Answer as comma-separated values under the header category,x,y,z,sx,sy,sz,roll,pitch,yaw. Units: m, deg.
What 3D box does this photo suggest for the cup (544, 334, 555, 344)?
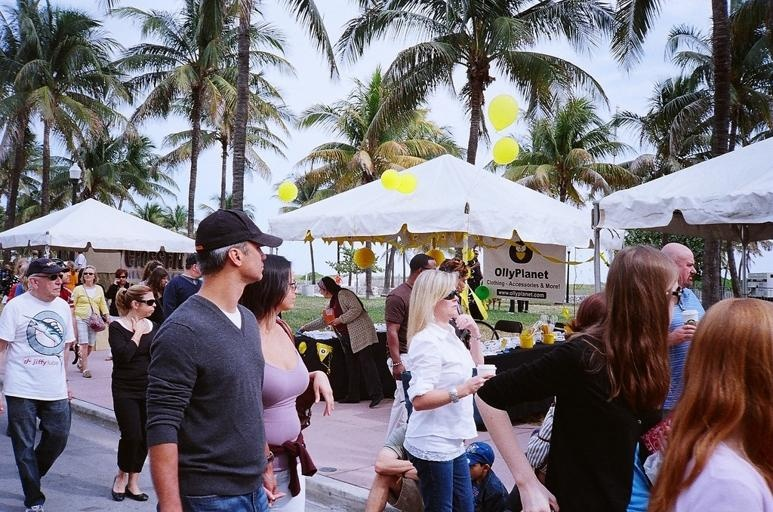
category,x,y,z,sx,sy,sz,roll,pitch,yaw
cup,2.547,1.299,10.158,0.142,0.115,0.139,1,-6,0

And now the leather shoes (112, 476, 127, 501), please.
category,x,y,z,sx,sy,sz,roll,pitch,yaw
leather shoes,-2.959,2.579,7.198,0.098,0.144,0.325,24,3,-31

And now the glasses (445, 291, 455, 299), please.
category,x,y,z,sx,sy,sz,roll,pitch,yaw
glasses,0.567,0.351,5.725,0.067,0.025,0.069,-8,-15,-47

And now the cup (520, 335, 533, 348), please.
category,x,y,z,sx,sy,sz,roll,pitch,yaw
cup,2.065,1.265,9.563,0.165,0.180,0.177,1,-8,0

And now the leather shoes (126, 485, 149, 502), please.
category,x,y,z,sx,sy,sz,roll,pitch,yaw
leather shoes,-2.773,2.667,7.284,0.292,0.119,0.115,2,-8,16

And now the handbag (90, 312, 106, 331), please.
category,x,y,z,sx,sy,sz,roll,pitch,yaw
handbag,-5.631,1.286,12.674,0.176,0.400,0.361,-2,-11,15

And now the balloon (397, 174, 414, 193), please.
category,x,y,z,sx,sy,sz,roll,pitch,yaw
balloon,0.305,-1.109,10.003,0.238,0.271,0.293,4,-15,-4

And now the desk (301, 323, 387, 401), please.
category,x,y,z,sx,sy,sz,roll,pitch,yaw
desk,-0.423,1.753,10.746,1.261,1.069,1.320,2,2,-18

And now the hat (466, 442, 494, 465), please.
category,x,y,z,sx,sy,sz,roll,pitch,yaw
hat,0.840,1.752,5.774,0.234,0.136,0.172,13,-1,-12

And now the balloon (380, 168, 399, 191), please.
category,x,y,z,sx,sy,sz,roll,pitch,yaw
balloon,0.062,-1.186,10.075,0.267,0.316,0.273,-38,14,10

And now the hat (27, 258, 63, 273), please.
category,x,y,z,sx,sy,sz,roll,pitch,yaw
hat,-3.595,0.113,6.851,0.242,0.139,0.178,-1,4,-17
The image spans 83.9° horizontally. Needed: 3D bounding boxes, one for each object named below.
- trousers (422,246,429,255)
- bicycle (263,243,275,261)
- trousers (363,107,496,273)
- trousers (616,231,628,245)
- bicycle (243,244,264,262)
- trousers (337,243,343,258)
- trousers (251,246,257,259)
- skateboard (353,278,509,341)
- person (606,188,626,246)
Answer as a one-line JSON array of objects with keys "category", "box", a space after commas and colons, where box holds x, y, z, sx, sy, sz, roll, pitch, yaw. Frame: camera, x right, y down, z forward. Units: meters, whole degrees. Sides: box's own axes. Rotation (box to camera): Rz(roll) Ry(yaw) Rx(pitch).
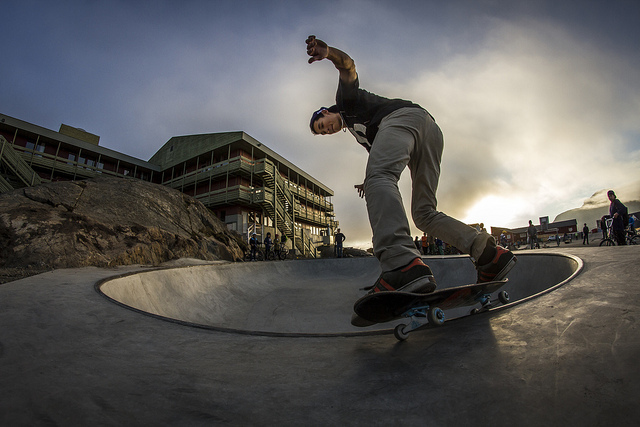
[{"category": "trousers", "box": [5.439, 1.853, 17.671, 0.335, 0.519, 0.177, 6, 0, 1]}, {"category": "bicycle", "box": [-2.971, 1.903, 17.335, 0.520, 0.696, 1.058, -18, -16, 29]}, {"category": "trousers", "box": [0.633, -0.115, 2.266, 0.754, 1.437, 0.572, -19, -53, 27]}, {"category": "trousers", "box": [7.301, 0.564, 8.060, 0.152, 0.273, 0.338, -11, -12, 41]}, {"category": "bicycle", "box": [-3.201, 1.832, 15.827, 1.044, 0.705, 0.540, -13, 9, 26]}, {"category": "trousers", "box": [0.676, 1.600, 15.436, 0.195, 0.515, 0.867, -3, -10, -6]}, {"category": "trousers", "box": [-3.339, 1.631, 15.313, 0.190, 0.671, 0.148, 15, -17, -38]}, {"category": "skateboard", "box": [0.695, 0.475, 1.918, 1.151, 0.214, 0.359, 8, -33, -34]}, {"category": "person", "box": [7.105, 0.119, 7.884, 0.287, 1.112, 1.053, -11, -11, 41]}]
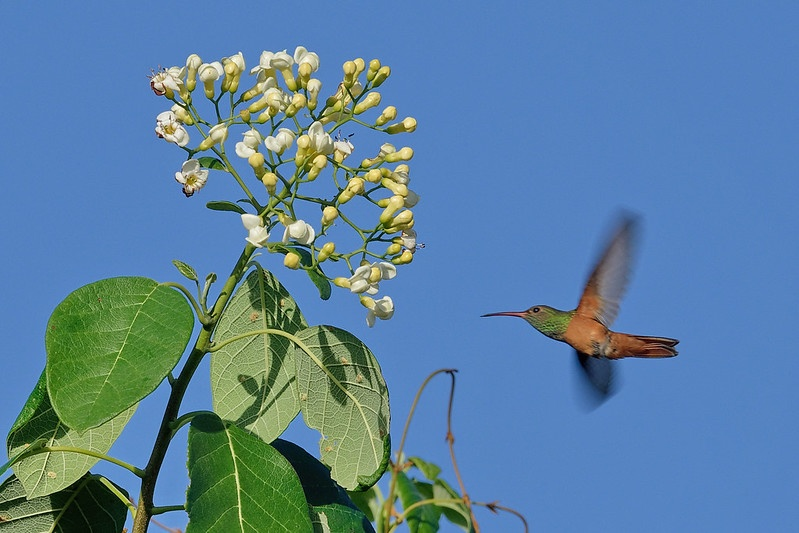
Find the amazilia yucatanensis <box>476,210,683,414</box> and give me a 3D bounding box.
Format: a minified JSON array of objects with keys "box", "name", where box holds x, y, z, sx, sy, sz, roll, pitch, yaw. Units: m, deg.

ACTIVITY: Retype exactly, and only, the lines above from the one where "And now the handbag" occurs up to and including the one where "- person (606,188,626,246)" occurs.

SOLUTION TO THIS TASK:
And now the handbag (90, 312, 106, 331), please.
category,x,y,z,sx,sy,sz,roll,pitch,yaw
handbag,-5.631,1.286,12.674,0.176,0.400,0.361,-2,-11,15

And now the balloon (397, 174, 414, 193), please.
category,x,y,z,sx,sy,sz,roll,pitch,yaw
balloon,0.305,-1.109,10.003,0.238,0.271,0.293,4,-15,-4

And now the desk (301, 323, 387, 401), please.
category,x,y,z,sx,sy,sz,roll,pitch,yaw
desk,-0.423,1.753,10.746,1.261,1.069,1.320,2,2,-18

And now the hat (466, 442, 494, 465), please.
category,x,y,z,sx,sy,sz,roll,pitch,yaw
hat,0.840,1.752,5.774,0.234,0.136,0.172,13,-1,-12

And now the balloon (380, 168, 399, 191), please.
category,x,y,z,sx,sy,sz,roll,pitch,yaw
balloon,0.062,-1.186,10.075,0.267,0.316,0.273,-38,14,10

And now the hat (27, 258, 63, 273), please.
category,x,y,z,sx,sy,sz,roll,pitch,yaw
hat,-3.595,0.113,6.851,0.242,0.139,0.178,-1,4,-17
The image spans 83.9° horizontally. Needed: 3D bounding boxes, one for each object named below.
- trousers (422,246,429,255)
- bicycle (263,243,275,261)
- trousers (363,107,496,273)
- trousers (616,231,628,245)
- bicycle (243,244,264,262)
- trousers (337,243,343,258)
- trousers (251,246,257,259)
- skateboard (353,278,509,341)
- person (606,188,626,246)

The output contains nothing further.